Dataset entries
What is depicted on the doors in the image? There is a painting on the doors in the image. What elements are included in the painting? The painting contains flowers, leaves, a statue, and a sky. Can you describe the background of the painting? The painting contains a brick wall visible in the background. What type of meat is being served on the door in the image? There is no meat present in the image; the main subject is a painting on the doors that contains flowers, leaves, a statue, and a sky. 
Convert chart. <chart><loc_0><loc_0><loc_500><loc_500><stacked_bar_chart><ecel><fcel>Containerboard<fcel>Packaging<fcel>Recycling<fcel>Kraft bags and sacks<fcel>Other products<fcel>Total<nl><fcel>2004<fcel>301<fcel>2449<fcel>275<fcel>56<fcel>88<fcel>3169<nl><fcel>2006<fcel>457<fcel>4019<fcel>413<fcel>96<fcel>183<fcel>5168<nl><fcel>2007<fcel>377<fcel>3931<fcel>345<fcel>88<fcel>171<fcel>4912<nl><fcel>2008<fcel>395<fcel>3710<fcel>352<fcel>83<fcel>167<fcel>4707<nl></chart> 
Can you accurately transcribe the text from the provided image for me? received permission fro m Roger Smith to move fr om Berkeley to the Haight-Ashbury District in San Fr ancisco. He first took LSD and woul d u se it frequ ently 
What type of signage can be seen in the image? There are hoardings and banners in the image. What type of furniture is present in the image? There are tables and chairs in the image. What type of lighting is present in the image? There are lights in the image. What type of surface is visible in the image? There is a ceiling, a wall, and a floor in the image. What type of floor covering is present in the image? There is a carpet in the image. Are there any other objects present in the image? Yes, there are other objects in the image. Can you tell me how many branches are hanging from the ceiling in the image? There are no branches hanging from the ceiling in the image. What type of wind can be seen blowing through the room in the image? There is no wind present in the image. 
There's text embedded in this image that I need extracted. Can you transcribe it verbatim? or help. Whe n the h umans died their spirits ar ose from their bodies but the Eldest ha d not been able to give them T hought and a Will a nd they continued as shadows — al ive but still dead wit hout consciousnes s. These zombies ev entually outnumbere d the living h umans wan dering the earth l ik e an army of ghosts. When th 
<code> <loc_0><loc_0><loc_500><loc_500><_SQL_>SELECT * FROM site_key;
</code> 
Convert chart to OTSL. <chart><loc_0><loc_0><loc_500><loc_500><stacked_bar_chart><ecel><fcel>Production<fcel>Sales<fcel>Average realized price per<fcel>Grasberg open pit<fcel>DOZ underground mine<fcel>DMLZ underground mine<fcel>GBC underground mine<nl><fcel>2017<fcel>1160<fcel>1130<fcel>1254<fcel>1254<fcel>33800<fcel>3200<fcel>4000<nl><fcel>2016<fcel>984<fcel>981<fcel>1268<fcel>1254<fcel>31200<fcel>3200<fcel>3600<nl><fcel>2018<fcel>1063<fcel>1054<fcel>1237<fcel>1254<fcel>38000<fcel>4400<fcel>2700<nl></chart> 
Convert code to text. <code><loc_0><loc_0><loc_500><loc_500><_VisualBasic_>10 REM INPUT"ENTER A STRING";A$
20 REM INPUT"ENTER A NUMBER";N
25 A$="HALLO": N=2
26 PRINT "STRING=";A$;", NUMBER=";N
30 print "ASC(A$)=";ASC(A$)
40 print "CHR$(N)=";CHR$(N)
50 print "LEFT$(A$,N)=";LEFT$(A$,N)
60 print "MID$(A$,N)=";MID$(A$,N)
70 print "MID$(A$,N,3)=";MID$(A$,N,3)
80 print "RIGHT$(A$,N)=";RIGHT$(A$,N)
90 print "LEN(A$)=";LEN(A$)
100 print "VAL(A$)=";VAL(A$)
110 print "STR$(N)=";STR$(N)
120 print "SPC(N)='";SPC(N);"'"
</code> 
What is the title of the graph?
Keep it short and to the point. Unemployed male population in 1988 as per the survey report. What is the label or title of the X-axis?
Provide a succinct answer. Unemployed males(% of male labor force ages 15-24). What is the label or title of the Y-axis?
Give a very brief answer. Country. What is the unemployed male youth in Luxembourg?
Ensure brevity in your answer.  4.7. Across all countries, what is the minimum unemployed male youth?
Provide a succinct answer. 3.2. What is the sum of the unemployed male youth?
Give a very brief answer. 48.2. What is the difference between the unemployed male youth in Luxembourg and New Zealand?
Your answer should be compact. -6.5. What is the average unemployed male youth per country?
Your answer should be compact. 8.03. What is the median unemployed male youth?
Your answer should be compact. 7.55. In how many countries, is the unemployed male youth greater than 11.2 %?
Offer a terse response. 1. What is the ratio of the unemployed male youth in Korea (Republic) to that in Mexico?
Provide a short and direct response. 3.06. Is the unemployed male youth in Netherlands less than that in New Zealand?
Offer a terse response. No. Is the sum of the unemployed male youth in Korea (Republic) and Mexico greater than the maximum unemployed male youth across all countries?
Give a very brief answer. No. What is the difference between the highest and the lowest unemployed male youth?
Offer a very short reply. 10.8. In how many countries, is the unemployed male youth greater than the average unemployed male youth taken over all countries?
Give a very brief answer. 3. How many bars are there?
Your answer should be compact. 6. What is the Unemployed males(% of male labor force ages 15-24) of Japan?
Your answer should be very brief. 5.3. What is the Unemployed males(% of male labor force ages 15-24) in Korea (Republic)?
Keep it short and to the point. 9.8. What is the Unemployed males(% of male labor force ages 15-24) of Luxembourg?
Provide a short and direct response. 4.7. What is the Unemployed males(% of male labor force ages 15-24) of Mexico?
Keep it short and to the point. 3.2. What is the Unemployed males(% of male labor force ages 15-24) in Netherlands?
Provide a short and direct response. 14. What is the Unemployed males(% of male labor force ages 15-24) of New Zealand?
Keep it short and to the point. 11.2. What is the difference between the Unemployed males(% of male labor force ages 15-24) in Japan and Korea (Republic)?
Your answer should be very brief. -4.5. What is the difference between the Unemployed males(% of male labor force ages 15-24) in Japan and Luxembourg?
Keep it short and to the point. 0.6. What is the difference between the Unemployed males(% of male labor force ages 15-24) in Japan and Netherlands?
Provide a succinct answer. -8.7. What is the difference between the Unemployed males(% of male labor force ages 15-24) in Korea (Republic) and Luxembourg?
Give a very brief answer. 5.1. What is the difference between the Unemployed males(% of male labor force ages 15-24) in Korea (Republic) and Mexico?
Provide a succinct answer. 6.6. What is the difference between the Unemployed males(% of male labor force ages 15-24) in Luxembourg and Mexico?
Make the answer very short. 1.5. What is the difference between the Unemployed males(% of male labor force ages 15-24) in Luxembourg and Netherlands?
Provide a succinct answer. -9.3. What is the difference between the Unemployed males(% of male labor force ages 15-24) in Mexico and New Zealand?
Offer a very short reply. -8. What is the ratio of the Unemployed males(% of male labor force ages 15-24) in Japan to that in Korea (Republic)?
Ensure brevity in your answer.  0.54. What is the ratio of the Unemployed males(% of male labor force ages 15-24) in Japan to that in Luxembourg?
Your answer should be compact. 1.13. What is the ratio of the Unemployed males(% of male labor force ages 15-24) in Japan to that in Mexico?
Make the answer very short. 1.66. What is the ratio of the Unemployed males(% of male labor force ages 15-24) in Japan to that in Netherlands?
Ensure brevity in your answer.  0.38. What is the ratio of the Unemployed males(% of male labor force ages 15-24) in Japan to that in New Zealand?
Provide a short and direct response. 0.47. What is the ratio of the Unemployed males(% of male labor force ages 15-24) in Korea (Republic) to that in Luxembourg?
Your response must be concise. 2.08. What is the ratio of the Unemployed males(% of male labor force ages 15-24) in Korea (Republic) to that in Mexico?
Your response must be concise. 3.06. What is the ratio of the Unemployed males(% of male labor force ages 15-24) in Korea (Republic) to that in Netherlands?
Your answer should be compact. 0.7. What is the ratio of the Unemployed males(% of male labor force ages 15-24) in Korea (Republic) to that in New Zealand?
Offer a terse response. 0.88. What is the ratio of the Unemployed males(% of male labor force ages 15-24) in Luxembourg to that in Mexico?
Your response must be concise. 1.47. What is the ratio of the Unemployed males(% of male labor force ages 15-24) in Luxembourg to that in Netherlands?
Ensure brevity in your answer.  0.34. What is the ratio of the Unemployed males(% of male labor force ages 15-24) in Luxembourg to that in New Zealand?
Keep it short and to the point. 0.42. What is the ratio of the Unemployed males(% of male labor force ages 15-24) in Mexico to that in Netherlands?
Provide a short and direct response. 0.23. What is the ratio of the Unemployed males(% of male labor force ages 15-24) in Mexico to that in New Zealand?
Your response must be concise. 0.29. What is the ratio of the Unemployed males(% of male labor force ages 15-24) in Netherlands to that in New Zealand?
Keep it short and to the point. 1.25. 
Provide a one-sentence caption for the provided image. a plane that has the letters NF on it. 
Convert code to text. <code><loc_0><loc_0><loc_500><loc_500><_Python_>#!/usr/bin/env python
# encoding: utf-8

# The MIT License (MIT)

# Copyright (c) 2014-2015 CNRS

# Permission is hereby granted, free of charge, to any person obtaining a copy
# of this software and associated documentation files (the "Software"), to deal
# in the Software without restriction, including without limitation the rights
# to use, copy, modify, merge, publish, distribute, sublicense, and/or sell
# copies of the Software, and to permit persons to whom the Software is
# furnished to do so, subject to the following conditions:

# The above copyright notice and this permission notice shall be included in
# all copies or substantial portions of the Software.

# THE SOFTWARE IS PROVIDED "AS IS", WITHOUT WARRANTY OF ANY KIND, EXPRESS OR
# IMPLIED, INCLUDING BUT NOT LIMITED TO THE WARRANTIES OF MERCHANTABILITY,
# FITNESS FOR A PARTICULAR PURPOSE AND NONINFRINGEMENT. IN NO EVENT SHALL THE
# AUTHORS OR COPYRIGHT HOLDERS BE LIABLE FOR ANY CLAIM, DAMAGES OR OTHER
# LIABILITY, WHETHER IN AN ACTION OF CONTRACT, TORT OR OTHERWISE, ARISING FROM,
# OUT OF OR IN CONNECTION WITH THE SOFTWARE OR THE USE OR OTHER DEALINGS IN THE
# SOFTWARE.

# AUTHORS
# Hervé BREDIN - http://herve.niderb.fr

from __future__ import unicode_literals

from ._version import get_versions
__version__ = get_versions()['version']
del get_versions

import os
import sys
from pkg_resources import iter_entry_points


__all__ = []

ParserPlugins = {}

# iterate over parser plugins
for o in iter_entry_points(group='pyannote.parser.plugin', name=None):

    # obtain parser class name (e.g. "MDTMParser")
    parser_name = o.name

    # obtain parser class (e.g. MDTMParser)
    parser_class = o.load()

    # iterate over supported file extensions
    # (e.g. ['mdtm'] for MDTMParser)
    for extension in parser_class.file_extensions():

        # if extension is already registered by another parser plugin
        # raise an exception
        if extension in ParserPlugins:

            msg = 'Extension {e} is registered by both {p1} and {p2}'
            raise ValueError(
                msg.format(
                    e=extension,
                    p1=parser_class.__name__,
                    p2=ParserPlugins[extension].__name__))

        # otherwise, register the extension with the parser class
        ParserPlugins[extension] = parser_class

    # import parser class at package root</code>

**TASK DETAILS**: Would you filter the entries above and keep each line that has the word "registered"?

**SOLUTION FOR THIS TASK**:
        # if extension is already registered by another parser plugin
            msg = 'Extension {e} is registered by both {p1} and {p2}'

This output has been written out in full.